▶ [What you need to do]
Print the listing below only from the line that has "The image size is (953, 1232)." through the line that has "Instruction: Find the", exactly, and drop any picture.

##### Extracted entries

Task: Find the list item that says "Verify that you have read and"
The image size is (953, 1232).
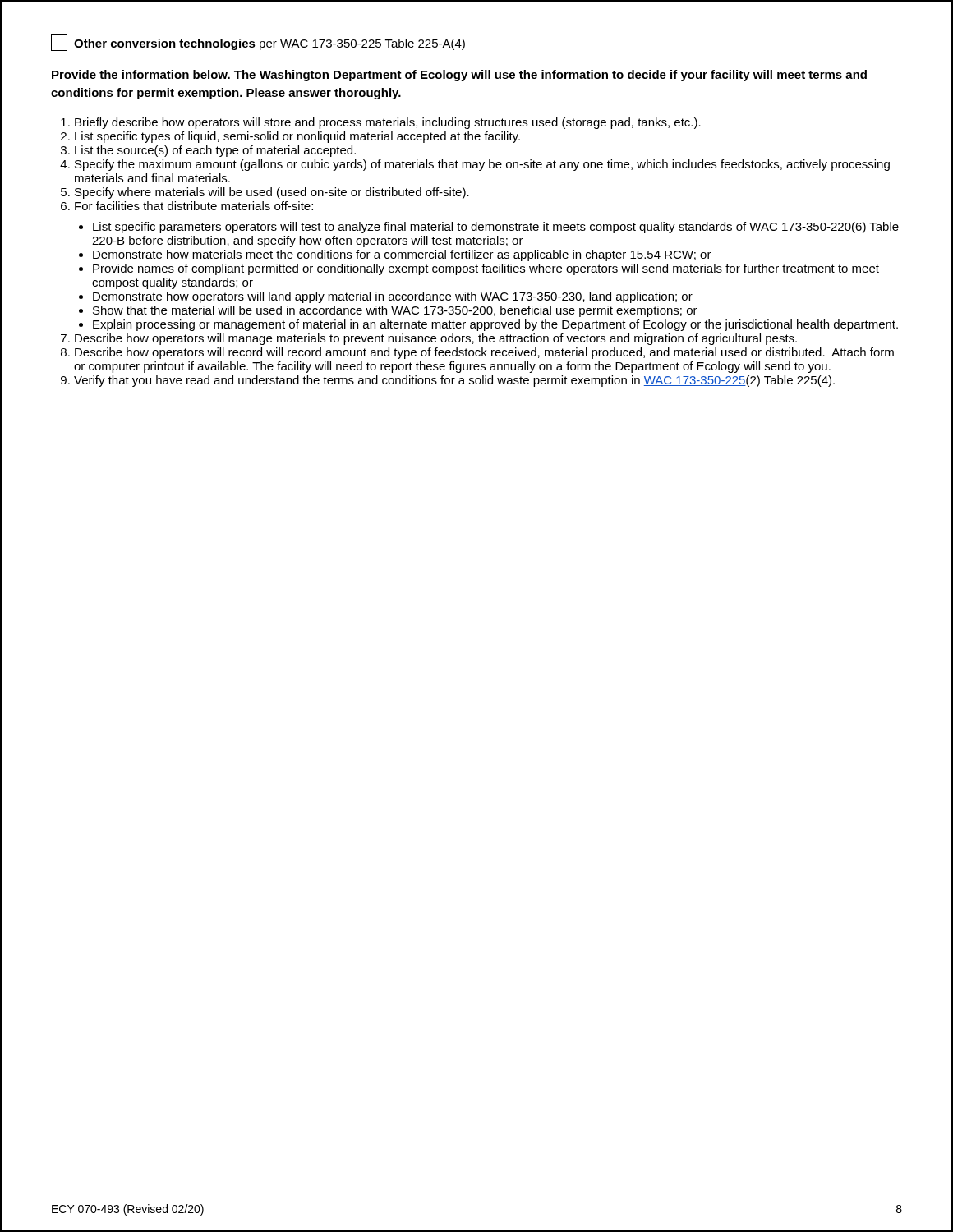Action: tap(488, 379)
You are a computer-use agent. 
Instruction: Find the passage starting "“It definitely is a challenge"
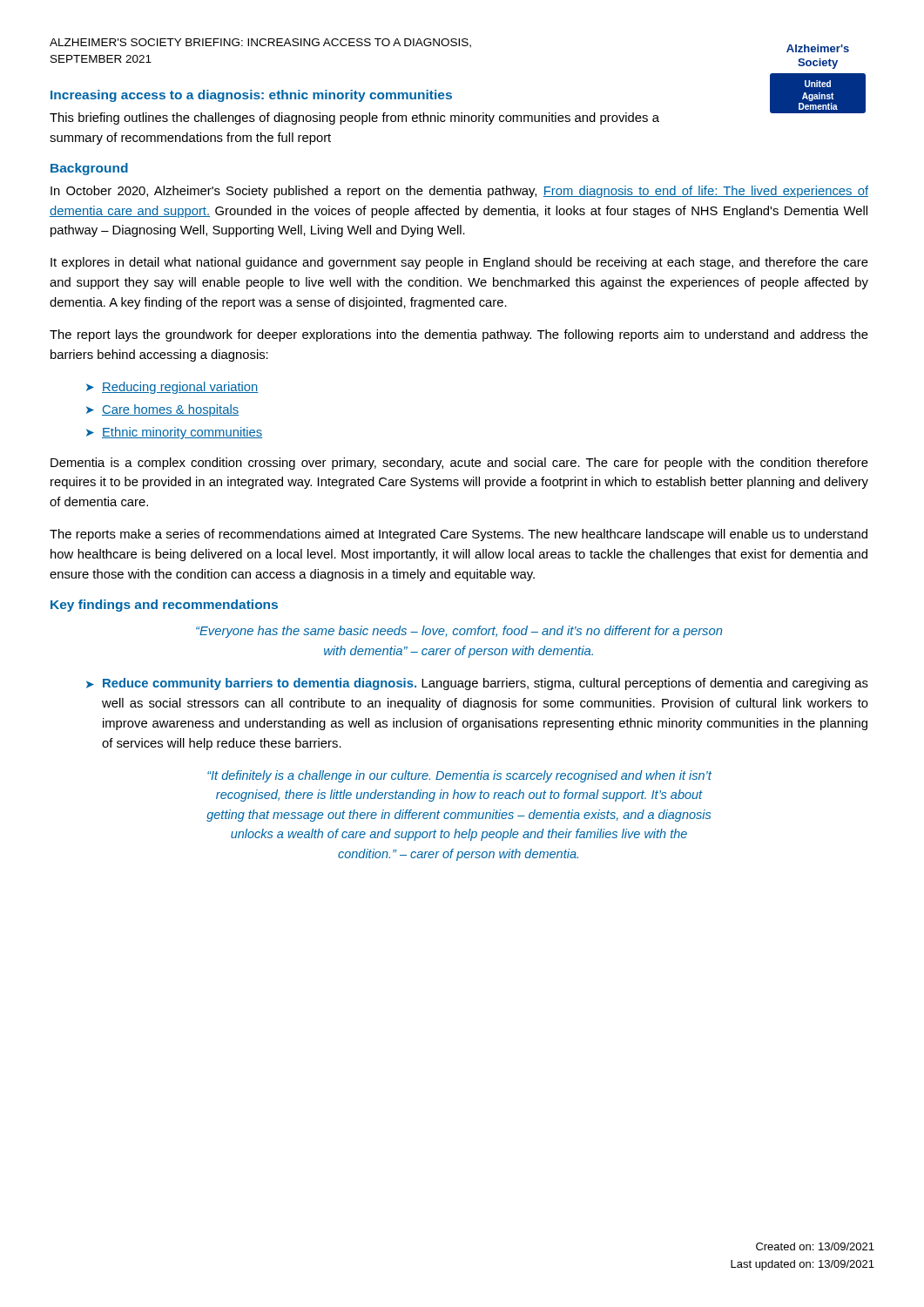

##########
##### Extracted entries

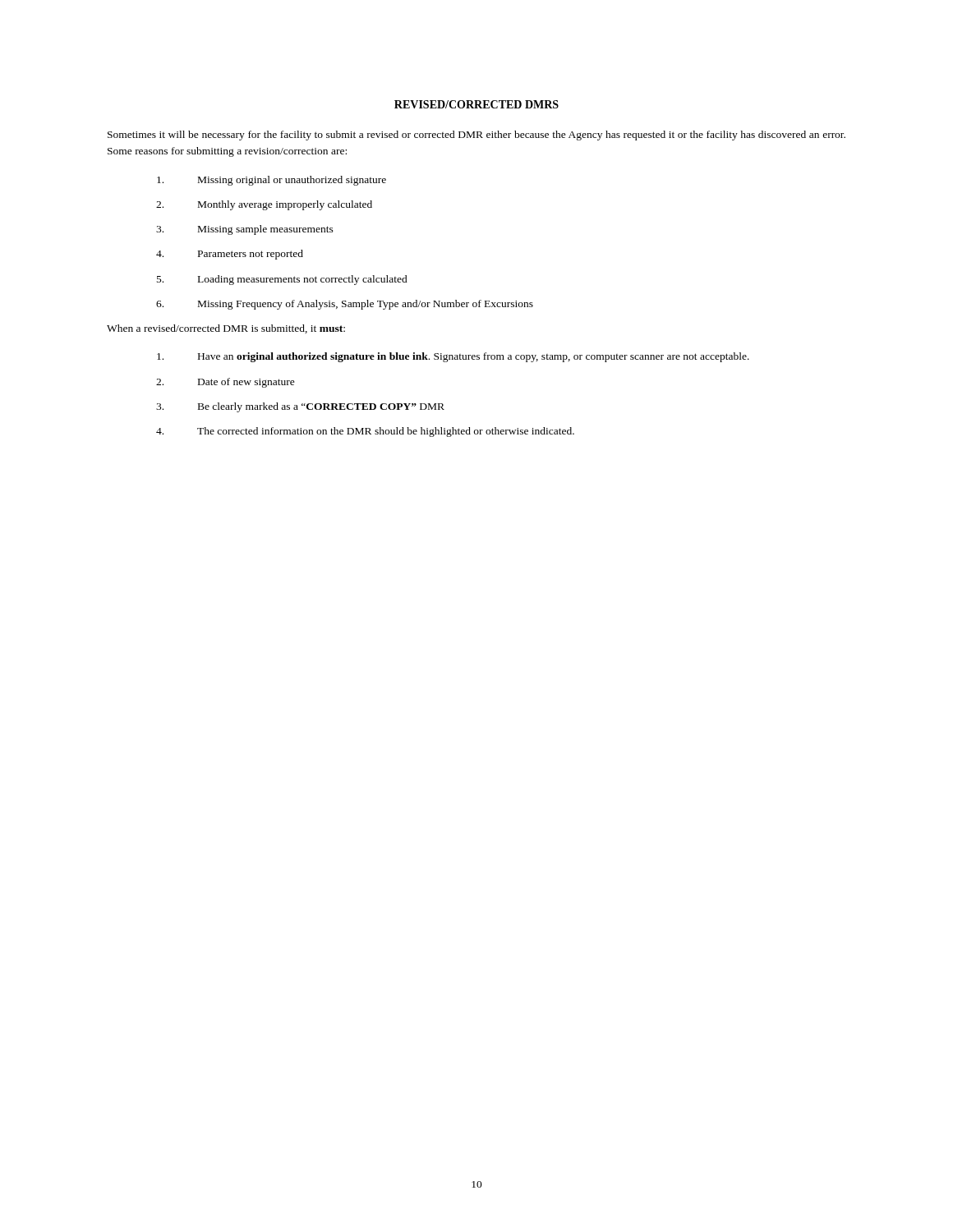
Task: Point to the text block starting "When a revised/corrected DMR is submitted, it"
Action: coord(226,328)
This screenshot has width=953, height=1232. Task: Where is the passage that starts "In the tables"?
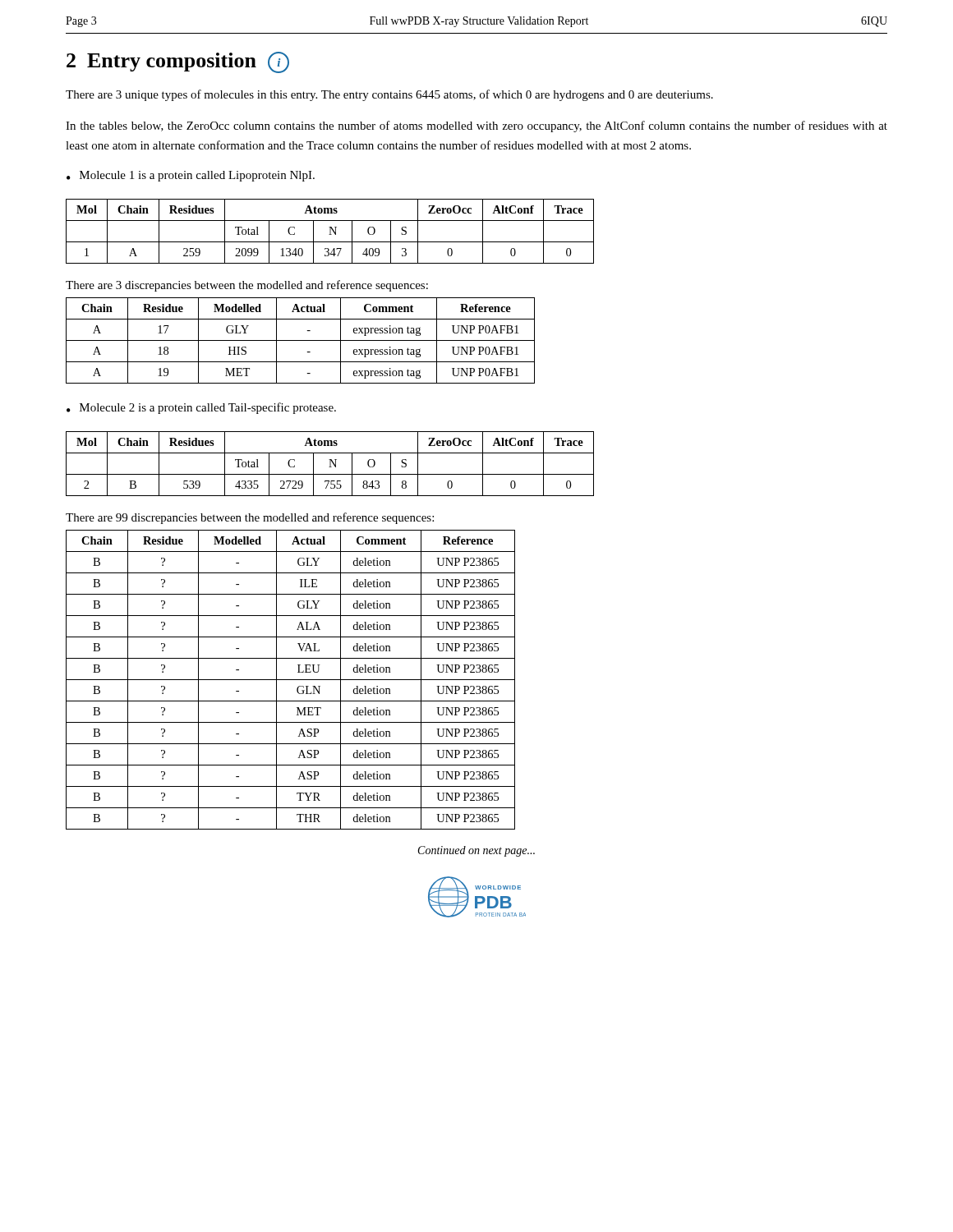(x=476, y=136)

##########
##### Extracted entries

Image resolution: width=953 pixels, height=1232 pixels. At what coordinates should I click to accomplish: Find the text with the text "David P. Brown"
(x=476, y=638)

##########

▶ [Expected answer]
The image size is (953, 1232).
Action: tap(488, 379)
You are a computer-use agent. 
Instruction: Find the passage starting "“It definitely is a challenge"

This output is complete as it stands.